*RECORDS FOR THIS EXERCISE:*
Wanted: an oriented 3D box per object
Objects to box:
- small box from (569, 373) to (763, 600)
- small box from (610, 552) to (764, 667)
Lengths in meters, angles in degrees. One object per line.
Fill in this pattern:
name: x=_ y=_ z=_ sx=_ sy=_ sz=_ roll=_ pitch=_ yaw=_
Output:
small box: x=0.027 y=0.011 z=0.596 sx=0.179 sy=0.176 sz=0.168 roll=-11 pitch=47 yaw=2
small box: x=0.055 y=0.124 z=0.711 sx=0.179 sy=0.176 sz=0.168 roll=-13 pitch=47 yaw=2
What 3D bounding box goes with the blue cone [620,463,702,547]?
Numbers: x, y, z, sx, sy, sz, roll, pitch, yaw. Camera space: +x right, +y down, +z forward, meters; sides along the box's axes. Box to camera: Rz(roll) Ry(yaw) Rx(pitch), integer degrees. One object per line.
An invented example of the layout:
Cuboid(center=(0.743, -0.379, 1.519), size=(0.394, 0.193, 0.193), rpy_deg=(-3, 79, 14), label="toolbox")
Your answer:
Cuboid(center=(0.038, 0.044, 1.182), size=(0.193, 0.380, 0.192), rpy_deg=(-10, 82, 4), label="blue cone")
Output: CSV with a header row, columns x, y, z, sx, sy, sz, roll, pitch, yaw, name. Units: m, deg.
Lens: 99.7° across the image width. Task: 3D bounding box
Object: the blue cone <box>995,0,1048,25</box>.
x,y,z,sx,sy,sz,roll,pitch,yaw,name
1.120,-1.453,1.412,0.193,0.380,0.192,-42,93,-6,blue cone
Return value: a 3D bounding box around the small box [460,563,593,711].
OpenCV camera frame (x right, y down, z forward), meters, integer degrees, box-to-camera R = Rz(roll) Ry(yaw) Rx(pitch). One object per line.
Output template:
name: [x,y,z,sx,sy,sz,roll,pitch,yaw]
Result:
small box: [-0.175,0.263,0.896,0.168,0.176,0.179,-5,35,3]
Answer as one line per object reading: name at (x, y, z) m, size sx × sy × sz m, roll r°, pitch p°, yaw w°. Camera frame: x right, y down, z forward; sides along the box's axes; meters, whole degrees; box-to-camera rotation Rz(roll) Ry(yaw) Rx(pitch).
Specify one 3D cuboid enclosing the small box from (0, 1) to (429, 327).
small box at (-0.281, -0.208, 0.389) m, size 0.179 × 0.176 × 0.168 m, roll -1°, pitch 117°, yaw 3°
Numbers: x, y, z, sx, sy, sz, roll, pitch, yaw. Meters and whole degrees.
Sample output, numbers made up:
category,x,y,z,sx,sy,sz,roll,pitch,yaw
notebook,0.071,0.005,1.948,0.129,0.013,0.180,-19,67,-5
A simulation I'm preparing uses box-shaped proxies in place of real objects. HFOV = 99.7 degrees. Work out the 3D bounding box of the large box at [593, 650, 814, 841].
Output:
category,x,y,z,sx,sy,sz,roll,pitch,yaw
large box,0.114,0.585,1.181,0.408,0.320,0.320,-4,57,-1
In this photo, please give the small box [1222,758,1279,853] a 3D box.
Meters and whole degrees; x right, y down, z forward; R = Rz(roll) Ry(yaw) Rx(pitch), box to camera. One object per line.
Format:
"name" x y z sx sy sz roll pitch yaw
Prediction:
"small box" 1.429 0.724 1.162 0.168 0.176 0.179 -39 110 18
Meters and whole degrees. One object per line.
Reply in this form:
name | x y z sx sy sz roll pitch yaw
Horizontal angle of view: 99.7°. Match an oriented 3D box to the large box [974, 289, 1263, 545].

*HOW TO COMPLETE THIS TASK:*
Among the records above, which lines hold the word "integer"? Copy each one.

*EXPECTED ANSWER:*
Numbers: x, y, z, sx, sy, sz, roll, pitch, yaw. Camera space: +x right, +y down, +z forward, meters; sides along the box's axes. Box to camera: Rz(roll) Ry(yaw) Rx(pitch), integer degrees. One object per line.
OpenCV camera frame (x right, y down, z forward), meters, integer degrees, box-to-camera R = Rz(roll) Ry(yaw) Rx(pitch). One object per line.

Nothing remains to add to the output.